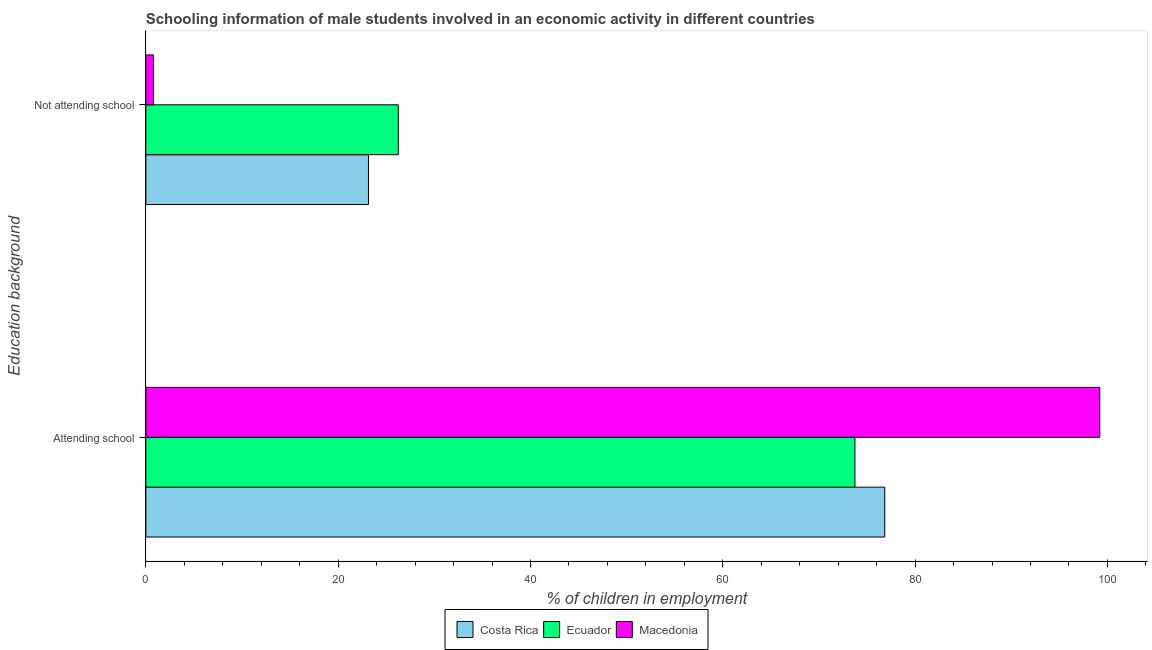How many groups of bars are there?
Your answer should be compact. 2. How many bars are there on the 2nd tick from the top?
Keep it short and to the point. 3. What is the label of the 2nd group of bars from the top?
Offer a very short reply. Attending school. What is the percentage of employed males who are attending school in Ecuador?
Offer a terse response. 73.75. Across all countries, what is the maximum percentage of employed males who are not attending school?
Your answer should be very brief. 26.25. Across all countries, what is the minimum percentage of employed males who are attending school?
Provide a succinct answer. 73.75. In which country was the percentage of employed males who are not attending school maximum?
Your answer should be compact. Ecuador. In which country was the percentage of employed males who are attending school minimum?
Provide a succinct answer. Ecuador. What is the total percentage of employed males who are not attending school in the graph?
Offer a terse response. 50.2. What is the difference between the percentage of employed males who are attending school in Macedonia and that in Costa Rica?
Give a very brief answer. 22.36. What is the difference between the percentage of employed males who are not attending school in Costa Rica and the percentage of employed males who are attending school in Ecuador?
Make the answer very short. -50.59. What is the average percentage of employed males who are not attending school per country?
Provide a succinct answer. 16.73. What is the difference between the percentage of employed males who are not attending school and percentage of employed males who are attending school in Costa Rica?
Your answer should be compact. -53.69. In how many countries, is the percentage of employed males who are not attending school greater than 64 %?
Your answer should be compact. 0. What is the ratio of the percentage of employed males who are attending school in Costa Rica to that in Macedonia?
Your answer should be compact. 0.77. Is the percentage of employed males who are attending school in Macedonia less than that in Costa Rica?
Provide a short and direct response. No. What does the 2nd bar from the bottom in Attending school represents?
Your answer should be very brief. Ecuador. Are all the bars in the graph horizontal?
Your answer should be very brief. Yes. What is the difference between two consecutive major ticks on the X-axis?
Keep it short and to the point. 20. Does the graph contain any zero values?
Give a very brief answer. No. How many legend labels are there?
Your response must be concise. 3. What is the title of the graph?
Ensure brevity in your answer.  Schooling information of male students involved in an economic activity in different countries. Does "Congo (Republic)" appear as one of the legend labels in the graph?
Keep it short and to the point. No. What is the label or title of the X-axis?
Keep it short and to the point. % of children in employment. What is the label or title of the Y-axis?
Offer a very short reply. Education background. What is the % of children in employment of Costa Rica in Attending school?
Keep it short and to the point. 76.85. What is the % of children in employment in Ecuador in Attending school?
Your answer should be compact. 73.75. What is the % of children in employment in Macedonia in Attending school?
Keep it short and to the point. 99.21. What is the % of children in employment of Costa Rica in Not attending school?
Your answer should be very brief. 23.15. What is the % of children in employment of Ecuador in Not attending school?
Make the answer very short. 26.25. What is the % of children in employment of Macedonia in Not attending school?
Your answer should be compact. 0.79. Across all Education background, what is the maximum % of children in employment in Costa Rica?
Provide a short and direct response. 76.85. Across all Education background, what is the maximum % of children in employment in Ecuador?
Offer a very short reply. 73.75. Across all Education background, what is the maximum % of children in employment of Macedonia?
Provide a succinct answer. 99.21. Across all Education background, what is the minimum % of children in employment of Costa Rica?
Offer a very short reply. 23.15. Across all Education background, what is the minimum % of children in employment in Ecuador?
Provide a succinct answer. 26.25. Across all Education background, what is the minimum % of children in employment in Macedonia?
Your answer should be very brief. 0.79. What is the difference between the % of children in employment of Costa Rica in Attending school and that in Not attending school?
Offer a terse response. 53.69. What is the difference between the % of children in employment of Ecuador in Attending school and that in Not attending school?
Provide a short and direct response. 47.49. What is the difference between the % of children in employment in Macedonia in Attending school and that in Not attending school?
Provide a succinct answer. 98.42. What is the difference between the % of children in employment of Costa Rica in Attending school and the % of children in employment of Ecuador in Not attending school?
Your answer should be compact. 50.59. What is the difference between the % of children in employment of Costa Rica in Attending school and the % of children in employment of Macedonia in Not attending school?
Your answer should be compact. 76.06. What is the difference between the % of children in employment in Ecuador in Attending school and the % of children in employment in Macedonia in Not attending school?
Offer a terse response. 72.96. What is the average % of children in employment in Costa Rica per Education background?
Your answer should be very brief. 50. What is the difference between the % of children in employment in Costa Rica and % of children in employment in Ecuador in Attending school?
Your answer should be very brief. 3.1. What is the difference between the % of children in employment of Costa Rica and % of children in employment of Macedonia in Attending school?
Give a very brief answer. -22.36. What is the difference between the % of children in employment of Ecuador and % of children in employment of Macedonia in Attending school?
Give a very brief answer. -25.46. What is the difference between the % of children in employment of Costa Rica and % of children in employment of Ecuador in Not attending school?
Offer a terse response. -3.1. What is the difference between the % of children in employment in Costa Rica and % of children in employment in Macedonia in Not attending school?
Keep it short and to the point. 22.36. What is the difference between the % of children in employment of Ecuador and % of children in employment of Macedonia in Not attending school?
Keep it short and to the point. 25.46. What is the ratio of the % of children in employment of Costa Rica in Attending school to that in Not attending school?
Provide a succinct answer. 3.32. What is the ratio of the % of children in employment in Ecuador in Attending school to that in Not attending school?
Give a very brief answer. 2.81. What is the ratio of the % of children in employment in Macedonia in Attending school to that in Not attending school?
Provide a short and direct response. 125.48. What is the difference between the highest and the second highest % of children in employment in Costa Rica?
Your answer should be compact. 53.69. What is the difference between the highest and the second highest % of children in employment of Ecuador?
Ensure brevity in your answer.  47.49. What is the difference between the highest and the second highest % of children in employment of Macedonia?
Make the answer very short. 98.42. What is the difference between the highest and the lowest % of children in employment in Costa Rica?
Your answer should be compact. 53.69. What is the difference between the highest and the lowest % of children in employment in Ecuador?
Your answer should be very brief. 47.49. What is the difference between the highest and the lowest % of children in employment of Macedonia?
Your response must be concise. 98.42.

════════════════════

**The task:**
Take the lines above from the one containing "Your answer should be compact. 0.79." to the one containing "Your answer should be compact. 50.59." and retype them exactly, both ends included, with nothing added.

**Answer section:**
Your answer should be compact. 0.79. Across all Education background, what is the maximum % of children in employment in Costa Rica?
Provide a short and direct response. 76.85. Across all Education background, what is the maximum % of children in employment in Ecuador?
Offer a very short reply. 73.75. Across all Education background, what is the maximum % of children in employment of Macedonia?
Provide a succinct answer. 99.21. Across all Education background, what is the minimum % of children in employment of Costa Rica?
Offer a very short reply. 23.15. Across all Education background, what is the minimum % of children in employment in Ecuador?
Provide a succinct answer. 26.25. Across all Education background, what is the minimum % of children in employment in Macedonia?
Your answer should be very brief. 0.79. What is the difference between the % of children in employment of Costa Rica in Attending school and that in Not attending school?
Offer a terse response. 53.69. What is the difference between the % of children in employment of Ecuador in Attending school and that in Not attending school?
Provide a short and direct response. 47.49. What is the difference between the % of children in employment in Macedonia in Attending school and that in Not attending school?
Provide a succinct answer. 98.42. What is the difference between the % of children in employment of Costa Rica in Attending school and the % of children in employment of Ecuador in Not attending school?
Your answer should be compact. 50.59. What is the difference between the % of children in employment of Costa Rica in Attending school and the % of children in employment of Macedonia in Not attending school?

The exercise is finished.